#### Data in this exercise ####

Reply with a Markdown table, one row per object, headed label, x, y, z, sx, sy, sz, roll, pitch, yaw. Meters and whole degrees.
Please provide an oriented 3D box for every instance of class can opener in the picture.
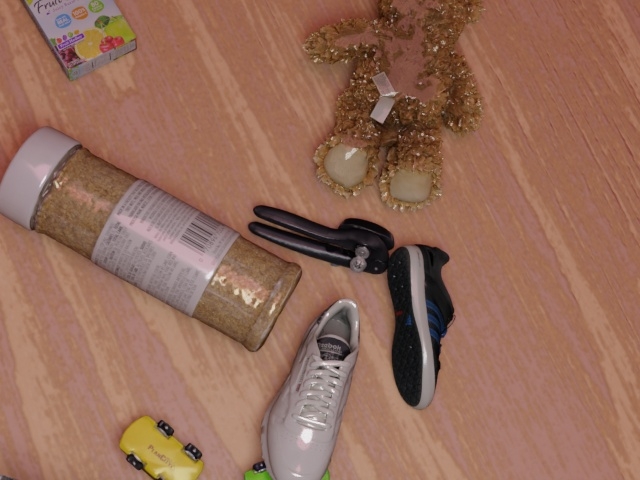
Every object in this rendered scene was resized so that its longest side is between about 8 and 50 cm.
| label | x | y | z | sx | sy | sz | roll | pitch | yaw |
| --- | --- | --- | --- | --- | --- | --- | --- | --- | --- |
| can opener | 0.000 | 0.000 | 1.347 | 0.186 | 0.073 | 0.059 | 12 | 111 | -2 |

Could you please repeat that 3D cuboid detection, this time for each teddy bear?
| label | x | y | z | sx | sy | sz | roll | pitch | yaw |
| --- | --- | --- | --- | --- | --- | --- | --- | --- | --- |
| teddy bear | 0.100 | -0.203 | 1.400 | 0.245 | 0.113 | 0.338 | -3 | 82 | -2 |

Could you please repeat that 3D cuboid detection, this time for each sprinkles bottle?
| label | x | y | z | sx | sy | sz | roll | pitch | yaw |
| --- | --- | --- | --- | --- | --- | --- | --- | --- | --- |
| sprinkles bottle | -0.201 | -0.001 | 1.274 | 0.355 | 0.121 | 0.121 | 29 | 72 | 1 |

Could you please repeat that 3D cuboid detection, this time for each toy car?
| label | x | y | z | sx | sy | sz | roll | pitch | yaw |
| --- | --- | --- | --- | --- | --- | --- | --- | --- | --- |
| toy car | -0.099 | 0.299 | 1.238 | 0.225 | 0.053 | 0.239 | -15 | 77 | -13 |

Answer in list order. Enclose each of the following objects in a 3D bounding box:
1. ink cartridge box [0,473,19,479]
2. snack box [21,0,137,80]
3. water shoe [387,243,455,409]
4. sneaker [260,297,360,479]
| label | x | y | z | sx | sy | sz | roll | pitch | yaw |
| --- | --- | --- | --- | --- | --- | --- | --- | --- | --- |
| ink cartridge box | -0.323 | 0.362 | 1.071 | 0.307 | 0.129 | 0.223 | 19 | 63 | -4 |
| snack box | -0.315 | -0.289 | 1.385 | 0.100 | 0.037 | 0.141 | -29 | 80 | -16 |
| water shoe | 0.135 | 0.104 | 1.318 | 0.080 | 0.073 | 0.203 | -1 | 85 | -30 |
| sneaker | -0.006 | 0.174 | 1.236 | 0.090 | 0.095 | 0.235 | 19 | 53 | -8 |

####
#### Data in this exercise ####

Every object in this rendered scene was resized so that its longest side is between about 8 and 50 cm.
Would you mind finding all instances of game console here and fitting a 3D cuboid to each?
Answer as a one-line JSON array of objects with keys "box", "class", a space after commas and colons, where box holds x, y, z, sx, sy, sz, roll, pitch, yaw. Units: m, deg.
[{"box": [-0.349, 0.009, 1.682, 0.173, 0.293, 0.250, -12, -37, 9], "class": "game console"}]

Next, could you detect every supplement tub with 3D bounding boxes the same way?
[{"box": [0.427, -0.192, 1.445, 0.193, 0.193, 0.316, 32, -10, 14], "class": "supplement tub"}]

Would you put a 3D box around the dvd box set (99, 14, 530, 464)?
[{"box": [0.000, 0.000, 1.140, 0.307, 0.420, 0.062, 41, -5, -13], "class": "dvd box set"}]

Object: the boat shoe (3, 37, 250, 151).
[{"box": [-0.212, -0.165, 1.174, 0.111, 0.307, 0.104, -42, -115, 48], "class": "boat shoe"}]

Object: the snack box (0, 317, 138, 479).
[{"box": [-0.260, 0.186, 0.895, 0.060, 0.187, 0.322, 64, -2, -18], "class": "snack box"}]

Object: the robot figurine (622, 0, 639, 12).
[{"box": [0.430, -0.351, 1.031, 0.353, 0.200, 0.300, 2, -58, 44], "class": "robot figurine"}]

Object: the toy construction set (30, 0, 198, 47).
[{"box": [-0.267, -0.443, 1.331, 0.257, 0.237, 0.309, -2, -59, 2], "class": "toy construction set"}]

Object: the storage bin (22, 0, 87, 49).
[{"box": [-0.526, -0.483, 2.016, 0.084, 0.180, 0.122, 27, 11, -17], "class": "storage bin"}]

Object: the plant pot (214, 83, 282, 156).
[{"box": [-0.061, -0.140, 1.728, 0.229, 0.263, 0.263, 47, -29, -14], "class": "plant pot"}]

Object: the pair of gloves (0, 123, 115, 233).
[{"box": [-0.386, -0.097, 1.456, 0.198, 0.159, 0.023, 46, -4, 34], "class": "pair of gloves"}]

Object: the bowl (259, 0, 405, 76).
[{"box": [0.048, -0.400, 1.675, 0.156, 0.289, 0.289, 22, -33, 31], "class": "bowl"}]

####
#### Data in this exercise ####

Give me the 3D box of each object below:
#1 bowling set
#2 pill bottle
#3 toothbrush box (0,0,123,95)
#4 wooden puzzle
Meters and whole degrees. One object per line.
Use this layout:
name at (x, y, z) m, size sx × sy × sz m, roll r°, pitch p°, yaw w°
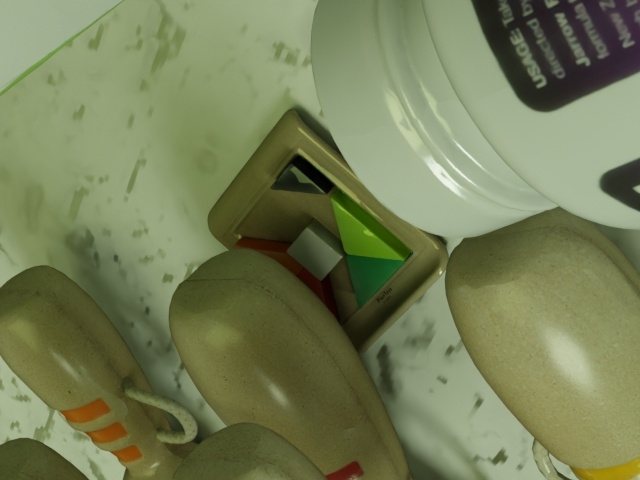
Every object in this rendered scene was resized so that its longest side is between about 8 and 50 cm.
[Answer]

####

** Work to be completed **
Every line in the data above that contains the word "whole" should be copied.

** Output below **
Reply with a Markdown table, one row per object, headed label, x, y, z, sx, sy, sz, roll, pitch, yaw. Meters and whole degrees.
Meters and whole degrees. One object per line.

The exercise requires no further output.